To Understand Feeding Therapy for Children, Take a Bite as You Read This


“But.. but.. I just don’t know how to chew it!” — feeding therapy patient, age 4

These are the words that said to me by a 4-year-old during an occupational therapy feeding session. We were working on trying a singular piece of cooked pasta. After moving it around his mouth for a while, unsuccessfully attempting to chew it, he finally took the piece out. His statement of frustration reigns today as the most clear, genuine summary of the struggle of children with feeding deficits.

It is a general misconception that eating is instinctual. Infants just come out of the womb knowing how to eat, right? Eating is actually one of the most complex actions that the human body completes, using all of our senses and incorporating many different muscle groups. It’s an action that we learn. When there is a breakdown in any part of the individual components that make up eating, the whole process falls apart, and that’s where we see our problem feeders.

“I can’t move it.” — feeding therapy patient, age 4

After we take a bite, there is a cascade of events that happen within our mouth that require coordination of the highest caliber. Seriously, if you have ever really been completely present to what exactly is happening in your mouth when you chew and swallow, it’s astounding. The first thing we do after we take a bite is move it to our rear molars, our strongest teeth that are made for grinding down food. This skill of tongue tip lateralization is learned at around 8-10 months, when babies begin to explore small dissolvable foods. There’s a reason your mother dumped a pile of cheerios on your high chair tray — learning how to move a small item of food from the tip of your tongue to your rear molars is a vital part of learning how to eat. Now, we have glorious inventions such as the dissolvable Gerber puffs, which is a great food for babies to learn how to move food items within their mouth safely.

Once we’ve learned how to move the food to our rear molars, we have to keep it there. The side of our tongue along with our cheeks work together to keep the food in a cohesive unit on the back molars while chewing takes place. A piece escapes to the front of your mouth? No worries, your tongue can grab that and place it back with the group on the molars, no problem. Too big of a bite? That’s okay, your tongue can divide the food and swallow manageable amounts while keeping the rest in the side of the mouth. Our tongue then gathers the food together to the back as it elevates to the roof of the mouth, moving the cohesive bolus backwards for the swallow.

“I don’t eat that food. It’s too hard.” — feeding therapy patient, age 5

Eating is not so simple, is it? Just like learning any motor skill, sometimes you can learn an inefficient pattern in order to compensate for some sort of coordination or strength deficit. This is what we see in our problem feeders. Often, “picky eating” is an adaptive strategy that children learn in response to their mouth failing them. Children with oral mechanical difficulty gravitate towards a food profile that they are able to successfully handle. By looking at a basic list of the foods a child “prefers,” we can start
to hypothesize what difficulties may exist. Your child only eats processed, packaged foods and starches? These foods are mechanically easy to manage in the mouth, so there could be a coordination deficit. Your child doesn’t have any real meats in their diet besides chicken nuggets? Meats are mechanically difficult to manage and require a coordinated rotary chew along with sufficient strength and endurance; chicken nuggets are shaped pieces of already ground-up meat, so are much easier to chew and manage.

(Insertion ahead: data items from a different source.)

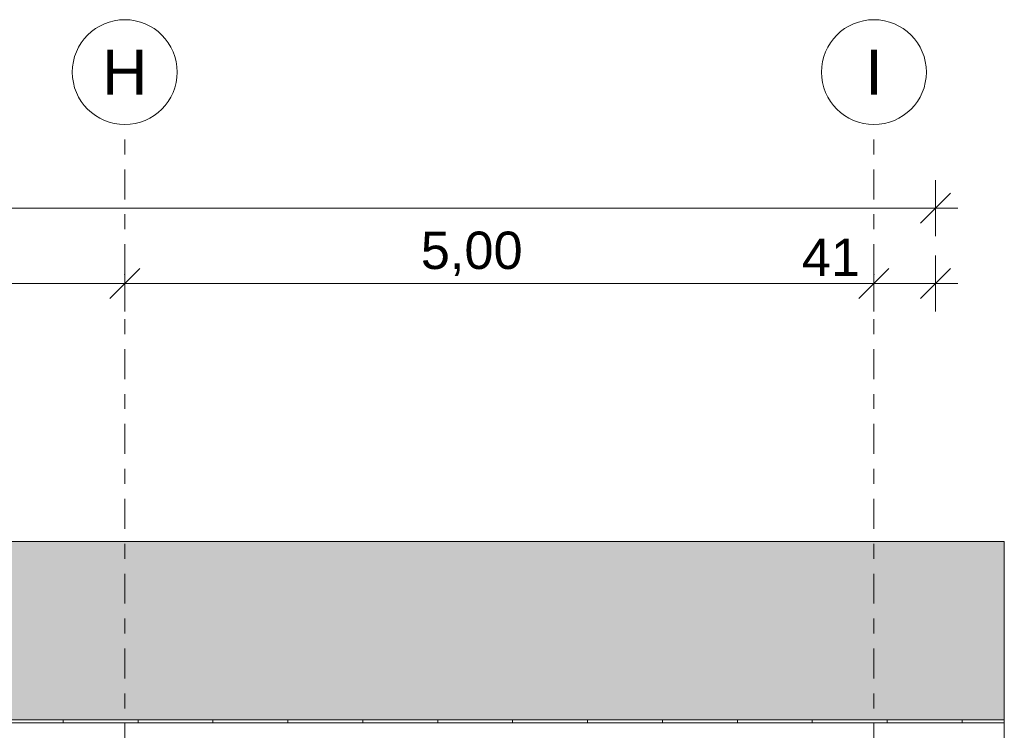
# Model space of a CAD drawing. Header units: metres. Extents: x -4 to 112, y -27 to 26.
# Tile 125 of 167: x 52.05 to 58.62, y 5.95 to 10.7. Entities that reach past the tile are written whole.
import ezdxf
from ezdxf.enums import TextEntityAlignment as Align

# ---------------------------------------------------------------- set-up
doc = ezdxf.new("R2010")
doc.units = ezdxf.units.M
doc.header["$MEASUREMENT"] = 0
doc.linetypes.add('Raster', pattern=[0.4, 0.2, -0.1, 0, -0.1])
for name, color, linetype in [('30 Dachaufbau', 7, 'Continuous'), ('90 Achsraster', 7, 'Continuous'), ('94 Genehmigungsplanung Bemaßung', 7, 'Continuous')]:
    doc.layers.add(name, color=color, linetype=linetype)
doc.styles.add('ERSTELLTER_STIL_1', font='arial.ttf')
doc.styles.add('ERSTELLTER_STIL_2', font='arial.ttf')
doc.dimstyles.new('ERSTELLTER_STIL__1', dxfattribs={"dimtxt": 0.25, "dimasz": 0.19, "dimexe": 0.18, "dimexo": 0.1, "dimgap": 0, "dimtad": 1, "dimtih": 1, "dimtoh": 1, "dimzin": 0, "dimdsep": 46, "dimtxsty": 'ERSTELLTER_STIL_2', "dimblk": 'ARROWHEAD_6', "dimblk1": 'ARROWHEAD_6', "dimblk2": 'ARROWHEAD_6', "dimcen": 0.09, "dimclrd": 7, "dimclre": 7, "dimclrt": 7, "dimazin": 0, "dimtfac": 1, "dimtdec": 4, "dimtmove": 0, "dimatfit": 3, "dimfxl": 1, "dimtolj": 1, "dimtzin": 0, "dimarcsym": 0})

# ---------------------------------------------------------------- blocks, each defined once
blk = doc.blocks.new('*X3', base_point=(27236.1321, 0))
at = {"layer": '30 Dachaufbau', "linetype": 'Continuous', "lineweight": 0, "true_color": 0x000000}
blk.add_hatch(color=18, dxfattribs=at).paths.add_polyline_path([(22.8511, 7.2143), (16.8411, 7.2143), (16.8411, 6.0233), (58.6225, 6.0233), (58.6225, 7.2143), (37.6511, 7.2143), (37.6511, 7.0042), (22.8511, 7.0042)])
blk = doc.blocks.new('*X4', base_point=(27236.1321, 0))
at = {"layer": '30 Dachaufbau', "color": 7, "linetype": 'Continuous', "lineweight": 13}
for p, q in [((52.3411, 6.0035), (52.3411, 6.0233)), ((52.3411, 6.0035), (52.3411, 6.0233)), ((52.8411, 6.0035), (52.8411, 6.0233)), ((52.8411, 6.0035), (52.8411, 6.0233)), ((53.3411, 6.0035), (53.3411, 6.0233)), ((53.3411, 6.0035), (53.3411, 6.0233)), ((53.8411, 6.0035), (53.8411, 6.0233)), ((53.8411, 6.0035), (53.8411, 6.0233)), ((54.3411, 6.0035), (54.3411, 6.0233)), ((54.3411, 6.0035), (54.3411, 6.0233)), ((54.8411, 6.0035), (54.8411, 6.0233)), ((54.8411, 6.0035), (54.8411, 6.0233)), ((55.3411, 6.0035), (55.3411, 6.0233)), ((55.3411, 6.0035), (55.3411, 6.0233)), ((55.8411, 6.0035), (55.8411, 6.0233)), ((55.8411, 6.0035), (55.8411, 6.0233)), ((56.3411, 6.0035), (56.3411, 6.0233)), ((56.3411, 6.0035), (56.3411, 6.0233)), ((56.8411, 6.0035), (56.8411, 6.0233)), ((56.8411, 6.0035), (56.8411, 6.0233)), ((57.3411, 6.0035), (57.3411, 6.0233)), ((57.3411, 6.0035), (57.3411, 6.0233)), ((57.8411, 6.0035), (57.8411, 6.0233)), ((57.8411, 6.0035), (57.8411, 6.0233)), ((58.3411, 6.0035), (58.3411, 6.0233)), ((58.3411, 6.0035), (58.3411, 6.0233))]:
    blk.add_line(p, q, dxfattribs=at)
blk = doc.blocks.new('Standard-Rastermarker[10]_1', base_point=(52.7525, 10))
at = {"layer": '90 Achsraster', "color": 14, "linetype": 'Raster', "lineweight": 18, "true_color": 0xa80000}
for p, q in [((52.7525, 9), (52.7525, 10)), ((52.7525, 9), (52.7525, -1)), ((52.7525, -1), (52.7525, -2))]:
    blk.add_line(p, q, dxfattribs=at)
at = {"layer": '90 Achsraster', "color": 14, "linetype": 'Continuous', "lineweight": 18, "true_color": 0xa80000, "flags": 128}
for points in [[(52.7525, 10, 1), (52.7525, 10.7, 1)], [(52.7525, -2.7, 1), (52.7525, -2, 1)]]:
    blk.add_lwpolyline(points, format="xyb", close=True, dxfattribs=at)
at = {"layer": '90 Achsraster', "color": 14, "linetype": 'Raster', "lineweight": 18, "true_color": 0xa80000}
for p in [(52.7525, 9), (52.7525, 9), (52.7525, -1), (52.7525, -1)]:
    blk.add_point(p, dxfattribs=at)
at = {"layer": '90 Achsraster', "color": 14, "lineweight": 18, "true_color": 0xa80000, "style": 'ERSTELLTER_STIL_1'}
for tag, p in [('AC_MarkerText_1_0', (52.7525, 10.5)), ('AC_MarkerText_1_1', (52.7525, -2.2))]:
    blk.add_attdef(tag, text='', height=0.3, rotation=360, dxfattribs=at).set_placement(p, align=Align.TOP_CENTER)
blk = doc.blocks.new('Standard-Rastermarker[12]_1', base_point=(57.7525, 10))
at = {"layer": '90 Achsraster', "color": 14, "linetype": 'Raster', "lineweight": 18, "true_color": 0xa80000}
for p, q in [((57.7525, 9), (57.7525, 10)), ((57.7525, 9), (57.7525, -1)), ((57.7525, -1), (57.7525, -2))]:
    blk.add_line(p, q, dxfattribs=at)
at = {"layer": '90 Achsraster', "color": 14, "linetype": 'Continuous', "lineweight": 18, "true_color": 0xa80000, "flags": 128}
for points in [[(57.7525, 10, 1), (57.7525, 10.7, 1)], [(57.7525, -2.7, 1), (57.7525, -2, 1)]]:
    blk.add_lwpolyline(points, format="xyb", close=True, dxfattribs=at)
at = {"layer": '90 Achsraster', "color": 14, "linetype": 'Raster', "lineweight": 18, "true_color": 0xa80000}
for p in [(57.7525, 9), (57.7525, 9), (57.7525, -1), (57.7525, -1)]:
    blk.add_point(p, dxfattribs=at)
at = {"layer": '90 Achsraster', "color": 14, "lineweight": 18, "true_color": 0xa80000, "style": 'ERSTELLTER_STIL_1'}
for tag, p in [('AC_MarkerText_1_0', (57.7525, 10.5)), ('AC_MarkerText_1_1', (57.7525, -2.2))]:
    blk.add_attdef(tag, text='', height=0.3, rotation=360, dxfattribs=at).set_placement(p, align=Align.TOP_CENTER)
blk = doc.blocks.new('*D32', base_point=(27236.1321, 0))
at = {"layer": '94 Genehmigungsplanung Bemaßung', "color": 7, "linetype": 'Continuous', "lineweight": 13}
for p, q in [((47.7511, 8.7509), (47.7511, 9.1259)), ((52.7525, 8.7509), (52.7525, 9.1259)), ((47.8511, 9.0384), (47.6511, 8.8384)), ((52.8525, 9.0384), (52.6525, 8.8384)), ((47.7511, 8.9384), (52.7525, 8.9384))]:
    blk.add_line(p, q, dxfattribs=at)
at = {"layer": '94 Genehmigungsplanung Bemaßung', "color": 7, "lineweight": 13, "insert": (49.9181, 8.9884), "char_height": 0.25, "attachment_point": 7, "style": 'ERSTELLTER_STIL_2'}
blk.add_mtext('\\A1;{\\pql;\\fArial|b0|i0|c0|p0;\\W1.000000;5,00}', dxfattribs=at)
blk = doc.blocks.new('ARROWHEAD_6')
at = {"color": 0, "linetype": 'Continuous', "lineweight": 0}
for p, q in [((-0.5, -0.5), (0.5, 0.5)), ((0, 0), (-1, 0))]:
    blk.add_line(p, q, dxfattribs=at)
blk = doc.blocks.new('*D33', base_point=(27236.1321, 0))
at = {"layer": '94 Genehmigungsplanung Bemaßung', "color": 7, "linetype": 'Continuous', "lineweight": 13}
for p, q in [((52.7525, 8.7509), (52.7525, 9.1259)), ((57.7525, 8.7509), (57.7525, 9.1259)), ((52.8525, 9.0384), (52.6525, 8.8384)), ((57.8525, 9.0384), (57.6525, 8.8384)), ((52.7525, 8.9384), (57.7525, 8.9384))]:
    blk.add_line(p, q, dxfattribs=at)
at = {"layer": '94 Genehmigungsplanung Bemaßung', "color": 7, "lineweight": 13, "char_height": 0.25, "attachment_point": 7, "style": 'ERSTELLTER_STIL_2'}
for s, insert in [('\\A1;{\\pql;\\fArial|b0|i0|c0|p0;\\W1.000000;5,00}', (54.7282, 8.9884)), ('\\A1;{\\pql;\\fArial|b0|i0|c0|p0;\\W1.000000;41}', (57.2711, 8.9884))]:
    blk.add_mtext(s, dxfattribs=dict(at, insert=insert))
blk = doc.blocks.new('*D34', base_point=(27236.1321, 0))
at = {"layer": '94 Genehmigungsplanung Bemaßung', "color": 7, "linetype": 'Continuous', "lineweight": 13}
for p, q in [((57.7525, 8.7509), (57.7525, 9.1259)), ((58.1625, 8.7509), (58.1625, 9.1259)), ((57.8525, 9.0384), (57.6525, 8.8384)), ((58.0625, 8.8384), (58.2625, 9.0384)), ((57.7525, 8.9384), (58.1625, 8.9384)), ((58.1625, 8.9384), (58.3125, 8.9384))]:
    blk.add_line(p, q, dxfattribs=at)
blk = doc.blocks.new('*D38', base_point=(27236.1321, 0))
at = {"layer": '94 Genehmigungsplanung Bemaßung', "color": 7, "linetype": 'Continuous', "lineweight": 13}
for p, q in [((17.3411, 9.2531), (17.3411, 9.6281)), ((58.1625, 9.2531), (58.1625, 9.6281)), ((17.4411, 9.5406), (17.2411, 9.3406)), ((58.0625, 9.3406), (58.2625, 9.5406)), ((17.1911, 9.4406), (17.3411, 9.4406)), ((17.3411, 9.4406), (58.1625, 9.4406)), ((58.1625, 9.4406), (58.3125, 9.4406))]:
    blk.add_line(p, q, dxfattribs=at)
at = {"layer": '94 Genehmigungsplanung Bemaßung', "color": 7, "lineweight": 13, "insert": (37.3228, 9.4906), "char_height": 0.25, "attachment_point": 7, "style": 'ERSTELLTER_STIL_2'}
blk.add_mtext('\\A1;{\\pql;\\fArial|b0|i0|c0|p0;\\W1.000000;40,82}', dxfattribs=at)

msp = doc.modelspace()

# ---------------------------------------------------------------- linework, layer by layer
at = {"layer": '30 Dachaufbau', "color": 7, "linetype": 'Continuous', "lineweight": 13}
for p, q in [((58.6225, 7.2143), (37.6511, 7.2143)), ((58.6225, 6.0233), (58.6225, 7.2143)), ((16.8411, 6.0233), (58.6225, 6.0233)), ((58.6225, 6.0035), (16.8411, 6.0035)), ((58.6225, 6.0035), (58.6225, 6.0233)), ((58.6225, 5.9044), (58.6225, 6.0035))]:
    msp.add_line(p, q, dxfattribs=at)

# ---------------------------------------------------------------- block references
at = {"layer": '30 Dachaufbau', "lineweight": 0}
for name in ['*X3', '*X4']:
    msp.add_blockref(name, (27236.1321, 0), dxfattribs=at)
at = {"layer": '90 Achsraster', "color": 7, "linetype": 'Continuous', "lineweight": 18}
ref = msp.add_blockref('Standard-Rastermarker[10]_1', (52.7525, 10), dxfattribs=at)
ref.add_attrib('AC_MarkerText_1', 'H', dxfattribs={"color": 14, "lineweight": 18, "true_color": 0xa80000, "height": 0.3, "rotation": 360, "style": 'ERSTELLTER_STIL_1'}).set_placement((52.7525, 10.5), align=Align.TOP_CENTER)
ref.add_attrib('AC_MarkerText_1_1', 'H', dxfattribs={"color": 14, "lineweight": 18, "true_color": 0xa80000, "height": 0.3, "rotation": 360, "style": 'ERSTELLTER_STIL_1'}).set_placement((52.7525, -2.2), align=Align.TOP_CENTER)
ref = msp.add_blockref('Standard-Rastermarker[12]_1', (57.7525, 10), dxfattribs=at)
ref.add_attrib('AC_MarkerText_1', 'I', dxfattribs={"color": 14, "lineweight": 18, "true_color": 0xa80000, "height": 0.3, "rotation": 360, "style": 'ERSTELLTER_STIL_1'}).set_placement((57.7525, 10.5), align=Align.TOP_CENTER)
ref.add_attrib('AC_MarkerText_1_1', 'I', dxfattribs={"color": 14, "lineweight": 18, "true_color": 0xa80000, "height": 0.3, "rotation": 360, "style": 'ERSTELLTER_STIL_1'}).set_placement((57.7525, -2.2), align=Align.TOP_CENTER)

# ---------------------------------------------------------------- dimensions: what is measured, and where the dimension line sits
at = {"layer": '94 Genehmigungsplanung Bemaßung', "color": 7, "linetype": 'Continuous', "lineweight": 13}
for base, p1, p2, picture, middle in [((52.7525, 8.9384), (47.7511, 10.35), (52.7525, 10.35), '*D32', (50.2418, 9.1134)), ((57.7525, 8.9384), (52.7525, 10.35), (57.7525, 10.35), '*D33', (55.0518, 9.1134)), ((58.1625, 8.9384), (57.7525, 10.35), (58.1625, -0.1), '*D34', (57.4614, 9.1134)), ((58.1625, 9.4406), (17.3411, 1.2), (58.1625, -0.1), '*D38', (37.7416, 9.6156))]:
    dim = msp.add_linear_dim(base=base, p1=p1, p2=p2, dimstyle='ERSTELLTER_STIL__1', dxfattribs=at)
    dim.commit()
    dim.dimension.update_dxf_attribs({"geometry": picture, "text_midpoint": middle, "dimtype": 160})

doc.saveas('drawing.dxf')

As we delve further into reports, we hear about gagging, coughing and messy eating.

Gagging? Maybe their tongue can’t keep all of their food in a cohesive unit, losing pieces to the back of the mouth and gagging as a protective response.

Coughing? Maybe they have an inefficient and unsafe swallow that is causing them to cough up pieces that go down the wrong way.

Messy eating? Maybe your child cannot lateralize their food to the back molars, resulting in doing most of their chewing on their front teeth with their lips open. Or, they have to eat with their hands in order to place the piece of food in the back where it needs to go, because their tongue cannot do it for them.

As we watch a child eat during an evaluation, these deficits show themselves. Specific inefficiencies are identified and we can begin treatment to address them. Treatment activities are chosen in such a way to teach more efficient patterns for improved success when eating. This feeding therapy can take a long time, because often children have gone months or years with these inefficient patterns, requiring lots of practice and skill building.

Once we realize how complex the process of feeding actually is, we begin to change our mindset and can see how real of a struggle our “picky eaters” can have. Some children, like my insightful patients mentioned throughout this article, are aware of their difficulty and can verbalize it, but many cannot. If you think your child’s “picky eating” is affecting their health and well being, seek out an evaluation from an occupational therapist or speech therapist specializing in feeding. There could be an underlying mechanical deficit that can be treated.